The complexity of dealing with missing data, variable selection, and cross validation for prediction models

Part of my research is developing prediction models using medical data collected from electronic health records (EHR). Three of the largest issues I have to deal with are:

Missing predictor values. This is incredibly common when including lab measurements in a prediction model, as not all labs are collected on every patient.
Variable selection. If we only cared about predictive performance of a model, we wouldn’t need variable selection, but in the medical setting we have to contend with the fact that prediction models often require doctors to input a set of observed values into some risk calculator. The fewer values that have to be entered (and also measured on a patient), the more likely doctors and patients will be to use the model.
Internal validation of the model. While the model should be validated on an external dataset, internal validation to get an initial estimate of model performance is important to get buy-in for the model. A simple way to do this is dividing your data into a training and test set, but as shown in Elements of Statistical Learning and also Regression Modeling Strategies, cross-validation (10-fold or even repeated CV) is a superior strategy for this.

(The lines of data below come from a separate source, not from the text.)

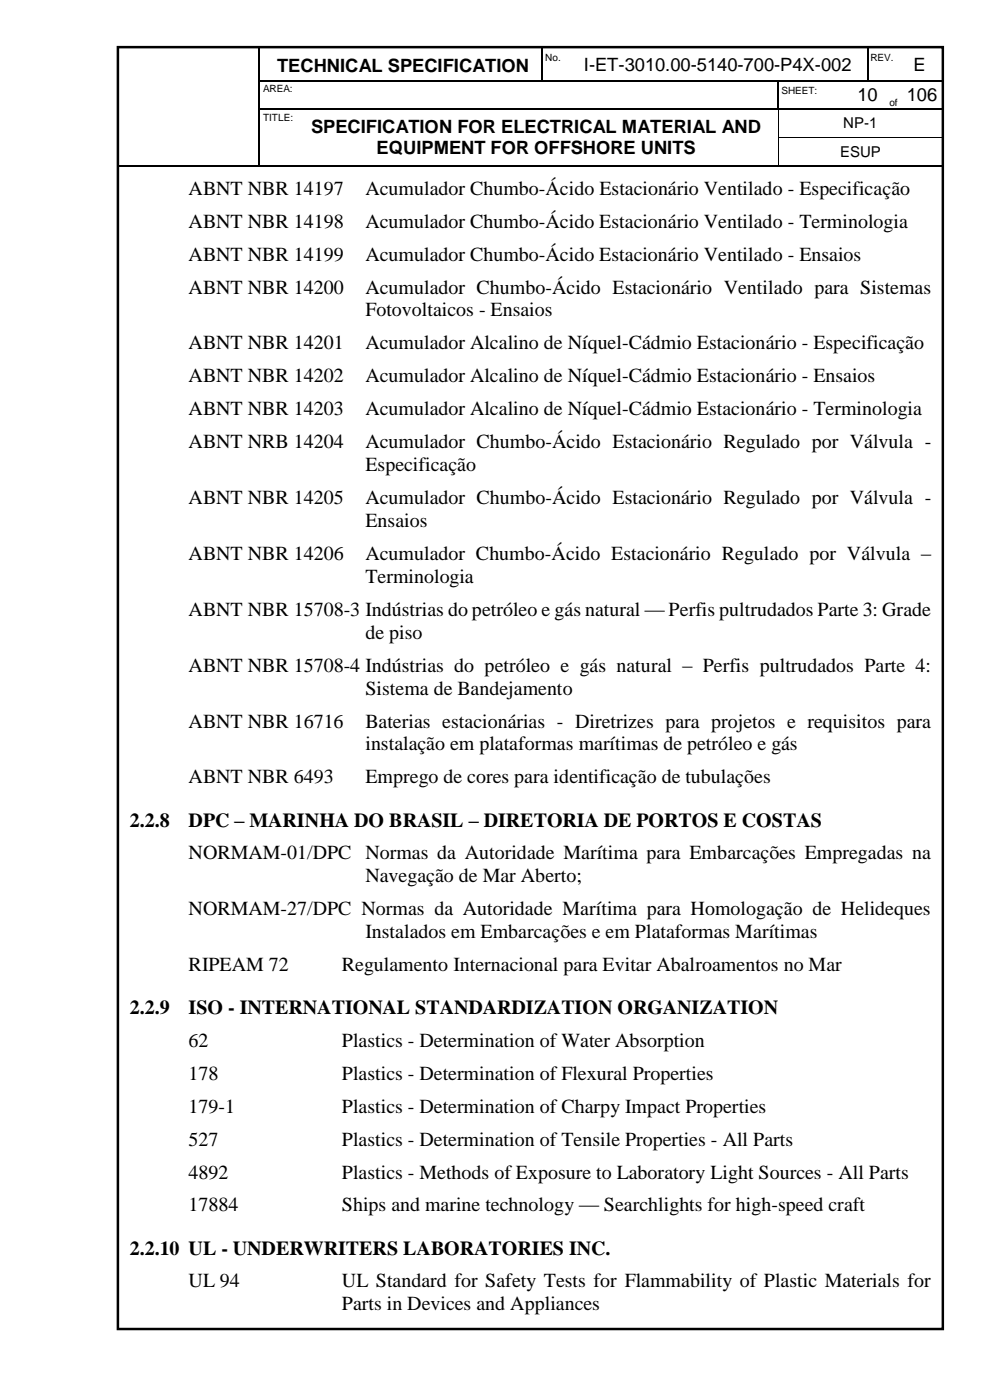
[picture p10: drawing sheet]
<svg xmlns="http://www.w3.org/2000/svg" width="210mm" height="297mm" viewBox="0 0 210 297" stroke-linecap="round" stroke-linejoin="round" font-family="sans-serif">
<defs><g id="words">
<g font-size="4.2">
<text x="40" y="41.3">ABNT NBR 14197</text>
<text x="77.5" y="41.3">Acumulador Chumbo-Ácido Estacionário Ventilado - Especificação</text>
<text x="40" y="48.3">ABNT NBR 14198</text>
<text x="77.5" y="48.3">Acumulador Chumbo-Ácido Estacionário Ventilado - Terminologia</text>
<text x="40" y="55.3">ABNT NBR 14199</text>
<text x="77.5" y="55.3">Acumulador Chumbo-Ácido Estacionário Ventilado - Ensaios</text>
<text x="40" y="62.3">ABNT NBR 14200</text>
<text x="77.5" y="62.3">Acumulador Chumbo-Ácido Estacionário Ventilado para Sistemas</text>
<text x="77.5" y="67.1">Fotovoltaicos - Ensaios</text>
<text x="40" y="74.1">ABNT NBR 14201</text>
<text x="77.5" y="74.1">Acumulador Alcalino de Níquel-Cádmio Estacionário - Especificação</text>
<text x="40" y="81.1">ABNT NBR 14202</text>
<text x="77.5" y="81.1">Acumulador Alcalino de Níquel-Cádmio Estacionário - Ensaios</text>
<text x="40" y="88.1">ABNT NBR 14203</text>
<text x="77.5" y="88.1">Acumulador Alcalino de Níquel-Cádmio Estacionário - Terminologia</text>
<text x="40" y="95.1">ABNT NRB 14204</text>
<text x="77.5" y="95.1">Acumulador Chumbo-Ácido Estacionário Regulado por Válvula -</text>
<text x="77.5" y="100">Especificação</text>
<text x="40" y="107">ABNT NBR 14205</text>
<text x="77.5" y="107">Acumulador Chumbo-Ácido Estacionário Regulado por Válvula -</text>
<text x="77.5" y="111.8">Ensaios</text>
<text x="40" y="118.8">ABNT NBR 14206</text>
<text x="77.5" y="118.8">Acumulador Chumbo-Ácido Estacionário Regulado por Válvula –</text>
<text x="77.5" y="123.7">Terminologia</text>
<text x="40" y="130.7">ABNT NBR 15708-3 Indústrias do petróleo e gás natural — Perfis pultrudados Parte 3: Grade</text>
<text x="77.5" y="135.5">de piso</text>
<text x="40" y="142.5">ABNT NBR 15708-4 Indústrias do petróleo e gás natural – Perfis pultrudados Parte 4:</text>
<text x="77.5" y="147.4">Sistema de Bandejamento</text>
<text x="40" y="154.4">ABNT NBR 16716</text>
<text x="77.5" y="154.4">Baterias estacionárias - Diretrizes para projetos e requisitos para</text>
<text x="77.5" y="159.2">instalação em plataformas marítimas de petróleo e gás</text>
<text x="40" y="166.2">ABNT NBR 6493</text>
<text x="77.5" y="166.2">Emprego de cores para identificação de tubulações</text>
<text x="27.5" y="175.4">2.2.8</text>
<text x="40" y="175.4">DPC – MARINHA DO BRASIL – DIRETORIA DE PORTOS E COSTAS</text>
<text x="40" y="182.3">NORMAM-01/DPC Normas da Autoridade Marítima para Embarcações Empregadas na</text>
<text x="77.5" y="187.2">Navegação de Mar Aberto;</text>
<text x="40" y="194.2">NORMAM-27/DPC Normas da Autoridade Marítima para Homologação de Helideques</text>
<text x="77.5" y="199">Instalados em Embarcações e em Plataformas Marítimas</text>
<text x="40" y="206">RIPEAM 72</text>
<text x="72.5" y="206">Regulamento Internacional para Evitar Abalroamentos no Mar</text>
<text x="27.5" y="215.2">2.2.9</text>
<text x="40" y="215.2">ISO - INTERNATIONAL STANDARDIZATION ORGANIZATION</text>
<text x="40" y="222.1">62</text>
<text x="72.5" y="222.1">Plastics - Determination of Water Absorption</text>
<text x="40" y="229.1">178</text>
<text x="72.5" y="229.1">Plastics - Determination of Flexural Properties</text>
<text x="40" y="236.1">179-1</text>
<text x="72.5" y="236.1">Plastics - Determination of Charpy Impact Properties</text>
<text x="40" y="243.1">527</text>
<text x="72.5" y="243.1">Plastics - Determination of Tensile Properties - All Parts</text>
<text x="40" y="250.1">4892</text>
<text x="72.5" y="250.1">Plastics - Methods of Exposure to Laboratory Light Sources - All Parts</text>
<text x="40" y="257">17884</text>
<text x="72.5" y="257">Ships and marine technology — Searchlights for high-speed craft</text>
<text x="27.5" y="266.2">2.2.10 UL - UNDERWRITERS LABORATORIES INC.</text>
<text x="40" y="273.1">UL 94</text>
<text x="72.5" y="273.1">UL Standard for Safety Tests for Flammability of Plastic Materials for</text>
<text x="72.5" y="278">Parts in Devices and Appliances</text>
</g>
<g font-size="3.9">
<text x="58.8" y="15.2">TECHNICAL SPECIFICATION</text>
<text x="123.8" y="15">I-ET-3010.00-5140-700-P4X-002</text>
<text x="193.8" y="15">E</text>
<text x="181.9" y="21.5">10</text>
<text x="192.4" y="21.5">106</text>
<text x="66" y="28.2">SPECIFICATION FOR ELECTRICAL MATERIAL AND</text>
<text x="79.9" y="32.7">EQUIPMENT FOR OFFSHORE UNITS</text>
</g>
<g font-size="3.2">
<text x="178.9" y="27.3">NP-1</text>
<text x="178.2" y="33.3">ESUP</text>
</g>
<g font-size="2.1">
<text x="115.7" y="13">No.</text>
<text x="184.7" y="13">REV.</text>
<text x="55.8" y="19.6">AREA:</text>
<text x="165.8" y="19.9">SHEET:</text>
<text x="188.7" y="22.5">of</text>
<text x="55.8" y="25.6">TITLE:</text>
</g>
</g></defs>
<g fill="none" stroke="#000" stroke-width=".25">
<path d="M55 10v7M55 17.3v5.7M55.2 17.1h7.3M62.8 17.1h52.1M115 10v7M115.2 17.1h4.4M119.8 17.1h45.1M165.1 17.3v5.7M165.2 17.1h14.9M180.3 17.1h3.6M184.1 10v7M184.2 17.1h3.9"/>
<path d="M191.3 17.1h8.8M25 35.1h29.9M55 23.2v5.8M55 29.3v5.7M55.2 23.1h7.3M55.2 35.1h7.3M62.8 23.1h102.1M62.8 35.1h102.2M165.2 35.1h34.8M165.4 23.1h14.7M180.3 23.1h7.8M188.3 23.1h2.8"/>
<path d="M191.3 23.1h8.7M200.1 23.2v5.8M200.1 29.3v5.7"/>
</g>
<g fill="#000">
<path d="M54.9 17h.3v.3h-.3z" fill-rule="evenodd"/>
<path d="M62.5 17h.3v.3h-.3z" fill-rule="evenodd"/>
<path d="M114.9 17h.3v.3h-.3z" fill-rule="evenodd"/>
<path d="M119.6 17h.2v.3h-.2z" fill-rule="evenodd"/>
<path d="M164.9 17h.3v.3h-.3z" fill-rule="evenodd"/>
<path d="M180.1 17h.2v.3h-.2z" fill-rule="evenodd"/>
<path d="M183.9 17h.3v.3h-.3z" fill-rule="evenodd"/>
<path d="M188.1 17h.2v.3h-.2z" fill-rule="evenodd"/>
<path d="M188.3 17h1.8v.3h-1.8z" fill-rule="evenodd"/>
<path d="M190.1 17h.2v.3h-.2z" fill-rule="evenodd"/>
<path d="M190.3 17h.8v.3h-.8z" fill-rule="evenodd"/>
<path d="M191.1 17h.2v.3h-.2z" fill-rule="evenodd"/>
<path d="M54.9 23h.3v.2h-.3z" fill-rule="evenodd"/>
<path d="M54.9 29h.3v.3h-.3z" fill-rule="evenodd"/>
<path d="M54.9 35h.3v.3h-.3z" fill-rule="evenodd"/>
<path d="M62.5 23h.3v.2h-.3z" fill-rule="evenodd"/>
<path d="M62.5 35h.3v.3h-.3z" fill-rule="evenodd"/>
<path d="M164.9 23h.3v.2h-.3z" fill-rule="evenodd"/>
<path d="M165 29h.1v.3h-.1z" fill-rule="evenodd"/>
<path d="M165 35h.2v.3h-.2z" fill-rule="evenodd"/>
<path d="M165.2 23h.2v.2h-.2z" fill-rule="evenodd"/>
<path d="M180.1 23h.2v.2h-.2z" fill-rule="evenodd"/>
<path d="M188.1 23h.2v.2h-.2z" fill-rule="evenodd"/>
<path d="M191.1 23h.2v.2h-.2z" fill-rule="evenodd"/>
<path d="M200 23h.2v.2h-.2z" fill-rule="evenodd"/>
<path d="M200 29h.2v.3h-.2z" fill-rule="evenodd"/>
<path d="M200 35h.2v.3h-.2z" fill-rule="evenodd"/>
<path d="M200 35h.2v.3h-.2z" fill-rule="evenodd"/>
</g>
<path d="M165.1 23.2v5.8M165.1 29.3v5.7M165.1 29.1h34.9" fill="none" stroke="#000" stroke-width=".21"/>
<path d="M25 10h175v272h-175z" fill="none" stroke="#000" stroke-width=".53"/>
<use href="#words"/>
</svg>

To see how the complexity of these problems adds up, it might be easier to work backwards. First, to do 10-fold cross-validation, this requires fitting our model (using all of the variables) on 10 different folds of the data, each containing 90% of our original data. Medical data tends to not be so large, at least with respect to how fast it takes modern statistical software to build models using this data, but this can take some time if we’re using complex models such as random forests. Furthermore, you may want to go even further than 10-fold cross-validation, and use repeated 10-fold cross-validation, or even bootstrapping. These methods could result in having to fit the model hundreds of times!

Conducting variable selection adds the next layer of complexity. There are different ways of doing this–LASSO, predictive feature selection, forward/backwards selection, selecting the most “important” variables from a random forest model, etc…– and most likely, each method will give a distinct list of variables to be used. And, as far as I know, there is not one single best method–most likely, you could conduct a simulation study that would show that your preferred methods performs the best! Furthermore, methods such as LASSO require some cross-validation to select a tuning parameter. Now combining this with cross-validation, within each model-fitting step you have to do cross-validation AGAIN, perform variable selection, and then potentially have to refit your model using your reduced variable set. Without even dealing with missing data, you can see that the number of models we fit is already very large, and we haven’t even considered this within the context of EDA and comparing different modeling approaches. The last thing I will say is that the list of variables selected within each cross-validation can (and probably will be) different than the list of variables selected using the full dataset. Thus, cross-validation gives you an estimate of model performance for the variable selection method, and not for the specific model that you fit with just the reduced set of variables.

Finally, we arrive to the problem of missing predictor values. The recommended solution is multiple imputation, implemented through the Multivariate Imputation through Chained Equations (MICE) algorithm. Without going into detail, the algorithm essentially sequentially goes through each variable with missing values, and uses the other predictor variables to build a model to impute the missing values. Once a variable has missing values imputed, then this variable is used for imputing the other variables. Because the order of this imputation creates different prediction models, this is done multiple (often 5-10) times, thus creating multiple datasets with different imputed values. Stef van Buuren has created a great resource on MICE, that also includes a description of different approaches for variable selection after performing MICE. A simple approach would be performing variable selection on each of the imputed datasets, and then selecting variables that are selected in a majority of the datasets. Of course, a model must then be re-fit using only these variables, and I would imagine that accurate inference is difficult in this scenario. More complicated procedures using penalization have recently been developed by Du et al. So now we layer on the complexity of before, by having to do everything 5-10 times WITHIN each cross-validation fitting step!

There are even more complications with multiple imputation–it is typically recommended to include the outcome as a predictor variable for imputation, but in the prediction modeling setting, this would most likely lead to optimistic bias in model performance estimation. One way to get around this is to build an imputation model including the outcome for the data being used as training data in each fold, and then use this to impute missing data for test data in the fold. However, doing this for each cross-validation means that you’re fitting even more models! You could also use the StackImpute method, which does not use the outcome for imputation, and instead uses a weighting method. Jaeger et al also discuss the important problem of whether you should impute the data during CV or before CV. Interestingly, the results show an important application of the bias-variance tradeoff, with the reduced variance from imputation BEFORE CV offsetting the increased bias, thus allowing us to at least cut down on some computational complexity.

One final point about multiple imputation is that we have to also specify what we want to estimate. If we want to estimate model performance (say AUC), we should be estimating the AUC within each of the multiply imputed datasets, and then averaging this estimate. This of course becomes complex when estimating calibration curves.

This was meant to be a brief overview of the complexities and available options for dealing with these three important issues in prediction model development. I would love to hear of your solutions/workflow, and any other relevant literature on these topics!